→ Dataset entries
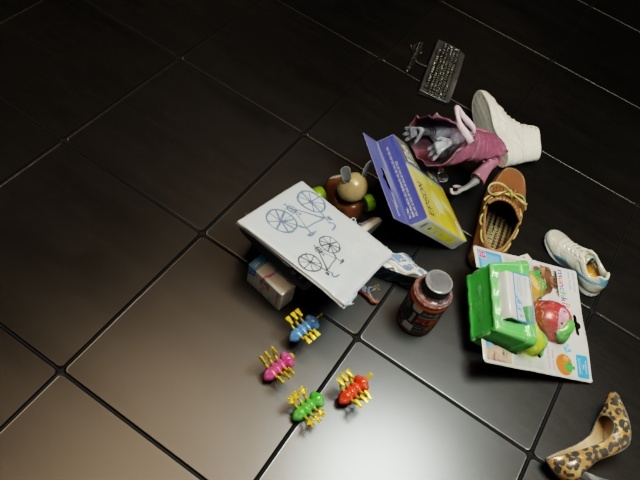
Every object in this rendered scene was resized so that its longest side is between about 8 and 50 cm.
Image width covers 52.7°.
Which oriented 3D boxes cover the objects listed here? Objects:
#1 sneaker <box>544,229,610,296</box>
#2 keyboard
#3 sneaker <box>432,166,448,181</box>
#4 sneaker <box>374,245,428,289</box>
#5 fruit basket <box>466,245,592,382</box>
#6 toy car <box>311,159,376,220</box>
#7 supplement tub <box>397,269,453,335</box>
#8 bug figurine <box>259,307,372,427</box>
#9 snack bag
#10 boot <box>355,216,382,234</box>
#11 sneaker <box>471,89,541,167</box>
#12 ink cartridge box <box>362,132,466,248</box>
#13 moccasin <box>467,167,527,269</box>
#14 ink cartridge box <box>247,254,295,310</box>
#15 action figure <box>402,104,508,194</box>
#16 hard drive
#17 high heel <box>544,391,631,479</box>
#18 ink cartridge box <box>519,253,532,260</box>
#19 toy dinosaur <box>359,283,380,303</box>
[{"bbox_3d":[0.751,0.049,1.884,0.087,0.092,0.228,-23,62,-24],"label":"sneaker"},{"bbox_3d":[0.401,-0.623,2.318,0.202,0.033,0.317,21,53,2],"label":"keyboard"},{"bbox_3d":[0.361,-0.235,2.017,0.047,0.057,0.119,-22,64,-28],"label":"sneaker"},{"bbox_3d":[0.240,0.079,1.753,0.211,0.080,0.081,24,57,3],"label":"sneaker"},{"bbox_3d":[0.564,0.187,1.695,0.353,0.165,0.327,12,62,-15],"label":"fruit basket"},{"bbox_3d":[0.079,-0.158,1.815,0.155,0.188,0.149,-20,62,-25],"label":"toy car"},{"bbox_3d":[0.268,0.154,1.633,0.106,0.198,0.106,6,55,-8],"label":"supplement tub"},{"bbox_3d":[-0.018,0.309,1.536,0.216,0.072,0.279,-33,72,-23],"label":"bug figurine"},{"bbox_3d":[0.000,0.000,1.640,0.342,0.037,0.323,38,35,9],"label":"snack bag"},{"bbox_3d":[0.081,-0.034,1.801,0.190,0.069,0.086,-33,72,-29],"label":"boot"},{"bbox_3d":[0.626,-0.377,2.156,0.169,0.108,0.292,-9,68,-20],"label":"sneaker"},{"bbox_3d":[0.268,-0.149,1.825,0.307,0.072,0.303,27,39,-49],"label":"ink cartridge box"},{"bbox_3d":[0.528,-0.084,1.892,0.139,0.147,0.380,30,54,8],"label":"moccasin"},{"bbox_3d":[-0.126,0.107,1.642,0.122,0.088,0.052,41,60,16],"label":"ink cartridge box"},{"bbox_3d":[0.438,-0.297,1.906,0.370,0.276,0.248,4,62,-31],"label":"action figure"},{"bbox_3d":[-0.094,0.037,1.662,0.255,0.172,0.054,42,95,15],"label":"hard drive"},{"bbox_3d":[0.643,0.464,1.561,0.186,0.093,0.261,22,62,-5],"label":"high heel"},{"bbox_3d":[0.598,0.083,1.864,0.048,0.028,0.083,-16,61,-23],"label":"ink cartridge box"},{"bbox_3d":[0.121,0.137,1.724,0.090,0.047,0.082,-23,68,11],"label":"toy dinosaur"}]

→ Problem
Of the entries above, transcribe exactly those lines that fall between the line containing "#9 snack bag" and the line containing "#18 ink cartridge", together with those two lines.

→ Exercise result
#9 snack bag
#10 boot <box>355,216,382,234</box>
#11 sneaker <box>471,89,541,167</box>
#12 ink cartridge box <box>362,132,466,248</box>
#13 moccasin <box>467,167,527,269</box>
#14 ink cartridge box <box>247,254,295,310</box>
#15 action figure <box>402,104,508,194</box>
#16 hard drive
#17 high heel <box>544,391,631,479</box>
#18 ink cartridge box <box>519,253,532,260</box>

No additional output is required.